El clásico muñeco de las películas es siempre el personaje gracioso. Los ¨muñecos¨ de la realidad, desde la agresión liviana y socarrona,  intentan fijar una idea o peor aun intentan y logran hacerle bullying a dirigentes, funcionarios o ideas, muchas veces basados en mentiras y operaciones. Ejemplo de esto son las carreras de profesionales como conductores de programas periodísticos de varios medios corporativos. Sobresalen así muñecos como, Baby Echecopar, Eduardo Feinman, o el trashumante ideológico Jorge Lanata, hoy en canal 13. También podemos mencionar a la escudería cordobesa con el señor Alfredo “Cristina Cristina” Leuco, su hijo Pablo Rossi, en la rama femenina personajes como Viviana Canosa, Cristina Pérez o la mas inteligente de ellas Ivana Nadal.

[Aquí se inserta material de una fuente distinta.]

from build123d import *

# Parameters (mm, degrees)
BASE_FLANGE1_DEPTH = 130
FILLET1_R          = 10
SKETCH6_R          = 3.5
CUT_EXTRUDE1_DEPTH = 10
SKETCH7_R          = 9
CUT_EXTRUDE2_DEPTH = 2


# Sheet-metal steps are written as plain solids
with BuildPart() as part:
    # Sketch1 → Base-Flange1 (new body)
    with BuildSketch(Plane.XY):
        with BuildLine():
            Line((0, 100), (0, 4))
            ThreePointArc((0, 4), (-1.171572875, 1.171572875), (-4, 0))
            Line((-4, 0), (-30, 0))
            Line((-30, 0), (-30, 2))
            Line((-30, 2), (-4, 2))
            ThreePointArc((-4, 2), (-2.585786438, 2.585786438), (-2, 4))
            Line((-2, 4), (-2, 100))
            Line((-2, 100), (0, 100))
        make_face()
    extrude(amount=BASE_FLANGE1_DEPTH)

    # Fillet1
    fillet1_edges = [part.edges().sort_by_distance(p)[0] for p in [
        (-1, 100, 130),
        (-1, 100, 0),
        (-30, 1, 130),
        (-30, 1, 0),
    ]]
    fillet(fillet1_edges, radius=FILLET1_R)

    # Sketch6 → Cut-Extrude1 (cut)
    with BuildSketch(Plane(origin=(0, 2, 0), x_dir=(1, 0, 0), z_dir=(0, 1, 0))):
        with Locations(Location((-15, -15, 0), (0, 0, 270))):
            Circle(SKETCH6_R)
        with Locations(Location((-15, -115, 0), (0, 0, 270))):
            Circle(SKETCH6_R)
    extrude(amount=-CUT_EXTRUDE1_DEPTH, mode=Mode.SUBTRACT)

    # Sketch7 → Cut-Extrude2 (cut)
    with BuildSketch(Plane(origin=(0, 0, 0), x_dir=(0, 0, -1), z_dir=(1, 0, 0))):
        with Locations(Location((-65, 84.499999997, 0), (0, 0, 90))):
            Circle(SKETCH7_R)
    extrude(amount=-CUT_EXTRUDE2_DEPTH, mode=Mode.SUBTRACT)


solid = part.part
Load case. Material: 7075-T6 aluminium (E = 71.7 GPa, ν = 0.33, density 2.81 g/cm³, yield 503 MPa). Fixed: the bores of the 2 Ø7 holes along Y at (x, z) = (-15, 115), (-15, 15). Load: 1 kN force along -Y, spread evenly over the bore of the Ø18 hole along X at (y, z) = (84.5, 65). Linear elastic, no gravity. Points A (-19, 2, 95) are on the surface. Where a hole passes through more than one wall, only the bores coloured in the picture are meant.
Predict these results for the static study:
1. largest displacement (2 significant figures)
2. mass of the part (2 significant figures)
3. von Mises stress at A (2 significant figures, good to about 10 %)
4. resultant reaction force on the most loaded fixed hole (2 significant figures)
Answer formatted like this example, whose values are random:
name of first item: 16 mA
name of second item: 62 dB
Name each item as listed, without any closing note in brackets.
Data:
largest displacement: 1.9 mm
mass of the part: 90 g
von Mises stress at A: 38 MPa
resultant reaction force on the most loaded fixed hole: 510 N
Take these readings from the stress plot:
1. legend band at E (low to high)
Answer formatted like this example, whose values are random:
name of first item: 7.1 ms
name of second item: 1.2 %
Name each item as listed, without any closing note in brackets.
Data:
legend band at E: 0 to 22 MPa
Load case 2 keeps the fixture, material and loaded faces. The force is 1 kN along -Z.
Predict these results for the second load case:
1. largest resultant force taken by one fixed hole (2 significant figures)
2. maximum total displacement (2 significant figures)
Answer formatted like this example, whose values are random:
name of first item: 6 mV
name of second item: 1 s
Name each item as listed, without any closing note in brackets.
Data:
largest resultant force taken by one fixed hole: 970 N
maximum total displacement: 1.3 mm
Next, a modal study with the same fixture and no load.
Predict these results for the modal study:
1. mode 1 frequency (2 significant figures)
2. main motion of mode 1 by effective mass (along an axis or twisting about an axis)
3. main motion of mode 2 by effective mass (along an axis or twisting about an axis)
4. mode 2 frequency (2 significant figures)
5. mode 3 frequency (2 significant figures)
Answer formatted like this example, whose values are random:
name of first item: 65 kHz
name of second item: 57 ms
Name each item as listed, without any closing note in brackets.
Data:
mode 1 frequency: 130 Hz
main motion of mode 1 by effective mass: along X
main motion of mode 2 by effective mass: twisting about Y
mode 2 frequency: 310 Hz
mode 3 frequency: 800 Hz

El problema hoy es que el sistema de muñecos de LN+, A24 o  TN y decenas de radios y cientos de cuentas en redes, ya esta superando la mera estrategia comunicacional para adentrarse en la implantación de una característica cultural que trajo mucha sangre en Argentina y en el mundo: el estigma o la caracterización negativa que deshumaniza al otro. Hoy estos jokers motorizados por la reducción del análisis y reflexión nos están adentrando en una situación delicada porque luego de gobernar para sus corporaciones hoy con su tamaño y cierta pasividad del campo popular están ganando la disputa del sentido y con grandes posibilidades de volver para hacer lo mismo pero mas rápido.

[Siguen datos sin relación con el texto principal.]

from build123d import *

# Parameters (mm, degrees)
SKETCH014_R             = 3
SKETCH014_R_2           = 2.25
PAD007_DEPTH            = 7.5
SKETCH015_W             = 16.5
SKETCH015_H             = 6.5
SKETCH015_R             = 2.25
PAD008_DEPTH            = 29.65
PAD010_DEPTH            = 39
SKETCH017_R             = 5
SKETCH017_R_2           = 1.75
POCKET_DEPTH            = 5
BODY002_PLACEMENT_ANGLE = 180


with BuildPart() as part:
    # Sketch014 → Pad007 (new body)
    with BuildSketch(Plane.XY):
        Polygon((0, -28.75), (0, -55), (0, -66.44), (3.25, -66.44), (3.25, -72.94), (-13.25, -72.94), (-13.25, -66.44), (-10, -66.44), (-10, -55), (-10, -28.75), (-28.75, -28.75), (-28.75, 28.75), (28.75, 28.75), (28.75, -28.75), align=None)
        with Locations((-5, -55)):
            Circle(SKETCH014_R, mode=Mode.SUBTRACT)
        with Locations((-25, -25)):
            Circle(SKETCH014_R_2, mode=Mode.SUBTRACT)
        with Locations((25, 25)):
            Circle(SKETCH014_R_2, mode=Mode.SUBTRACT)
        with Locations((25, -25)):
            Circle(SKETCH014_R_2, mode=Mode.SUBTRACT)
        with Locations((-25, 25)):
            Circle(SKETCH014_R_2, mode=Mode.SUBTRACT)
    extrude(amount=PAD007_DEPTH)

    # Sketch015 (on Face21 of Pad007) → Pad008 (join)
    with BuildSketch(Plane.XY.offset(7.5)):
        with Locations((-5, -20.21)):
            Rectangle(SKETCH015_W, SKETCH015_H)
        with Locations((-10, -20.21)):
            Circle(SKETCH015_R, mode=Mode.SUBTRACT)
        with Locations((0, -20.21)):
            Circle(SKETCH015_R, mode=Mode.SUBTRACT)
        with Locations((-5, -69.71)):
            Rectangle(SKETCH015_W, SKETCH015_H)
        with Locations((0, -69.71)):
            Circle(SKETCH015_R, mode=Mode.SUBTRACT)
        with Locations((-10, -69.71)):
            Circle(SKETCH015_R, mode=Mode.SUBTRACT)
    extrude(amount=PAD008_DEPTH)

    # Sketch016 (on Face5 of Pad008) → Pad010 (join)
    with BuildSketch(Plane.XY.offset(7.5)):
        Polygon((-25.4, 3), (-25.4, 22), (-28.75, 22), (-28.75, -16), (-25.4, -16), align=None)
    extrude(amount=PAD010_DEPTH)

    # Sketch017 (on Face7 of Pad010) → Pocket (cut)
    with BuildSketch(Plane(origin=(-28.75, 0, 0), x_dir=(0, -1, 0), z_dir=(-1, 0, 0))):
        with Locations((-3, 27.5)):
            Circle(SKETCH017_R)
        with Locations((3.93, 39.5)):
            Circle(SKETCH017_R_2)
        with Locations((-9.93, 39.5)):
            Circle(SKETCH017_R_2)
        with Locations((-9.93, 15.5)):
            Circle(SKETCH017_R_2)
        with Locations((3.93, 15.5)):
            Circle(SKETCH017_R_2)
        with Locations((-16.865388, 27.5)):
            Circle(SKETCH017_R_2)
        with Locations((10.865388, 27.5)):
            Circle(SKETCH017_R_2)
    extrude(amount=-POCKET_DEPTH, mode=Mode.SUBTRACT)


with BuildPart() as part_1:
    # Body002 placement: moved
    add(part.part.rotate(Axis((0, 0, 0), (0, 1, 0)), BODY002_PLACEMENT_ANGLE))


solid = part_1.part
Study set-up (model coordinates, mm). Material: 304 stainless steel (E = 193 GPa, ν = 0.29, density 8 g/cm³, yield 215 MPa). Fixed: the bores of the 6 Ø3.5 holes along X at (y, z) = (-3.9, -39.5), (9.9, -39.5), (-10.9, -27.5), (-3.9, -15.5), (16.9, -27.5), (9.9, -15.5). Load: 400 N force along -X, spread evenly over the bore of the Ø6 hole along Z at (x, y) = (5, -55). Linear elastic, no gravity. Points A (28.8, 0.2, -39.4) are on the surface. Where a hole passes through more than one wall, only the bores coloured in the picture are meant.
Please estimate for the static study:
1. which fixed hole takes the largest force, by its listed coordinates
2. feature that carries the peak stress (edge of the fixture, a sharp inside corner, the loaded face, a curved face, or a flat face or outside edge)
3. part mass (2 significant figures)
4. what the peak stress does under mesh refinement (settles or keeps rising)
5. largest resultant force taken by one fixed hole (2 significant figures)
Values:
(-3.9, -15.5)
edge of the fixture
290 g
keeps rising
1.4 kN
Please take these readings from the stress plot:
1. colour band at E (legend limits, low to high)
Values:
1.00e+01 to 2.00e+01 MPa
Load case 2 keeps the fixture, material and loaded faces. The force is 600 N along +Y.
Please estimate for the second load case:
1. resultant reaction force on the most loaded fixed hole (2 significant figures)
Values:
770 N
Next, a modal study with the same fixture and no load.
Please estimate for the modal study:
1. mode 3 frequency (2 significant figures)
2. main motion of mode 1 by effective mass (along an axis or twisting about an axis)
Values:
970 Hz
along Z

¿No será  hora de que el campo popular comience a hacer un muñeco o una serie grande de muñecos que puedan saltar a la arena y confrontar con este discurso? No es fácil la faena porque no es la cancha que mas conocen  y porque aun hay heridas internas para relamer, pero no hay mucho tiempo porque la consolidación de esta estrategia les esta dando resultados. El peronismo demostró que muchas veces que una vez que ve el precipicio puede llegar a reaccionar, frenar, dar la vuelta y enfrentar al  perseguidor. Pasó en la 125, pasó con la oscura noche entre  2015 y 2019.

¿No será entonces la hora de parar, mirarnos a los ojos, recordar los motivos de la reunificación y aguantar la parada? ¿Será la hora de construir barricadas contra el avance para que nuestros propios muñecos con su propia impronta se paren de manos? La comunicación en tiempos de guerra muestra sus garras más terribles pero no se puede ejercer el pacifismo mientras caen las bombas sobre los techos, tampoco sirve quedarse explicando y desmintiendo cada operación durante semanas ocupando el centro de la escena.

A esta altura de la soireé es preferible el golpe a golpe.  Es hora ya de que el Frente pase a la ofensiva y, siguiendo con terminología bélica, sumar a la guerra contra la inflación nuestros propios muñecos para la disputa del sentido en esta etapa que es fuerte y donde se juega mas que un periodo de gobierno la posibilidad de frenar  el retorno del discurso único en el debate público, algo que en el mundo ya se impuso sin siquiera sonrojarse a fuerza de censura oficial, cierre de medios incluso en la red y persecución a artistas o deportistas, solo por ciudadanos de un país.